Timothy: The video arcade games of the first generation were like the soldiers—kill, kill, kill, kill, kill. I have an interesting profession. I go around to colleges. The first thing I do when I get to a college is I go to the Student Union to see what’s hot in the entertainment field. I was very thrilled in the last month or two of going around to colleges. In every Student Union

now—check me out UCLA—there’s an enormous room filled with video games. They also have ice hockey and pinball as well, and they even have pool. The thing that interested me was that about half of the games are still shoot-em-up space invaders, but they also had games of intelligence, trivial pursuits. They had games of geography. They had games of simulating building a city.
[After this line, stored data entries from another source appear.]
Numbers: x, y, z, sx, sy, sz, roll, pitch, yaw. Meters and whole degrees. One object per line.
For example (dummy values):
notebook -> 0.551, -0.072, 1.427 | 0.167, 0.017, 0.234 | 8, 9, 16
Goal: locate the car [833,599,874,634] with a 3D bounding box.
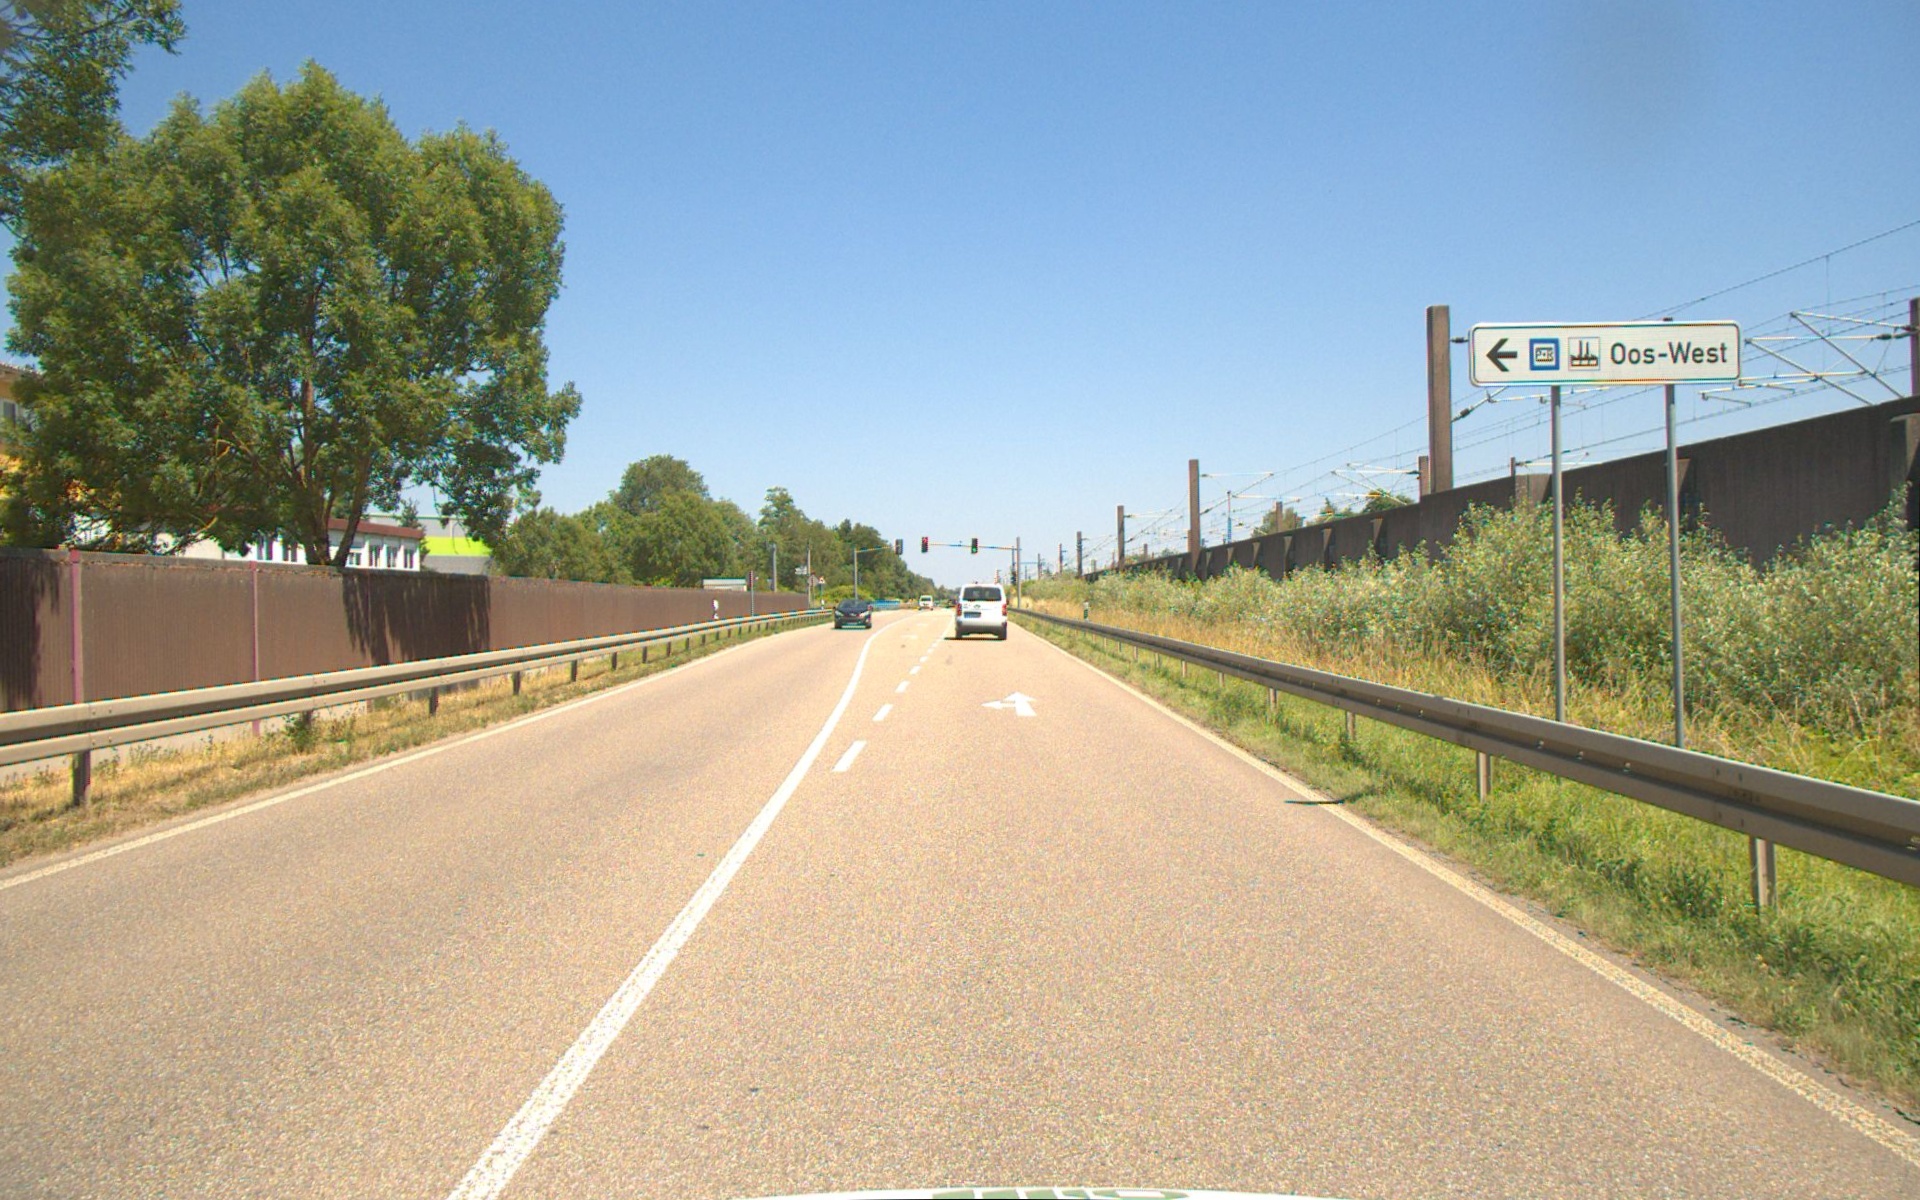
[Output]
car -> -5.218, 0.784, 81.571 | 1.782, 1.624, 3.999 | 1, 0, -1

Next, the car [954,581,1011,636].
car -> 0.797, 0.295, 59.394 | 1.952, 1.882, 4.000 | 1, 0, 0

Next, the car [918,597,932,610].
car -> -4.566, 0.391, 214.309 | 1.782, 1.624, 3.999 | 1, 0, -1

In other words, as the kids get older the Nintendo kid that was chasing Donkey Kongs around is going to be designing new societies. And, by the way, this is how all the teaching will take place. You can’t teach Einstein from a book. The teaching will be using this ability to move particles around on screens.

 

Rebecca: So you’re saying that it’s going to get more creative?

 

Timothy: Evolution hasn’t brought us all this way to listen to NBC and CNN. Evolution has more in store for us than that.

 

Oz: We took a stab at this problem of who’s going to evolve, and here’s what we did. At the university we made a ‘sensory saturation chamber’, with all due respect to my friend John. It was a half-dome, and it was a carpeted. It had a flat area that you lay down in and from the ground, the way you were lying, there were port holes of light that were shot up onto the ceiling, and we played a kind of fragmented motion picture. So, by these port holes, you were surrounded. You were in the middle of this motion picture. On the inside of this dome, it was studded with little speakers, and next to you there were controls, where you could make the sound or the light as loud as you wanted. There were also controls for pulsating the light. Everybody went in to take a hand at this and some of them—let’s say the more macho people—began to turn the dials up.

 

Well, I can tell you it was catastrophic. After a few moments, some of these kids came out and their eyeballs were rolling. We found a very interesting thing. At full-bore nobody could stay in that thing for more than about eight minutes, or ten minutes at the most. That is, we had it calculated that way. But, I was thinking as you were talking, that maybe the survivors

of that could be the people that you’re talking about. So we have an evolving machine. We can just separate them, and the ones who can go all the way up on this deal are going to be the next generation. I couldn’t last much more than a second in that thing; about a minute was my capacity. For an antidote, I had to go into John’s isolation chamber. I’ll tell you something, the university made us close the project down. How short sighted they were!

 

Rebecca: Oscar, I’d like to address the next question to you. A dominant idea in our society is that the west, with its technology, represents some zenith of evolution, and that native societies are at a less evolved state. Do you think that native societies have any advantage over us, as a result of they’re having less technology?

 

Oscar: A lot of words in there I can’t handle. I don’t know what the word “advantage” means in that case. Advantage in what sense?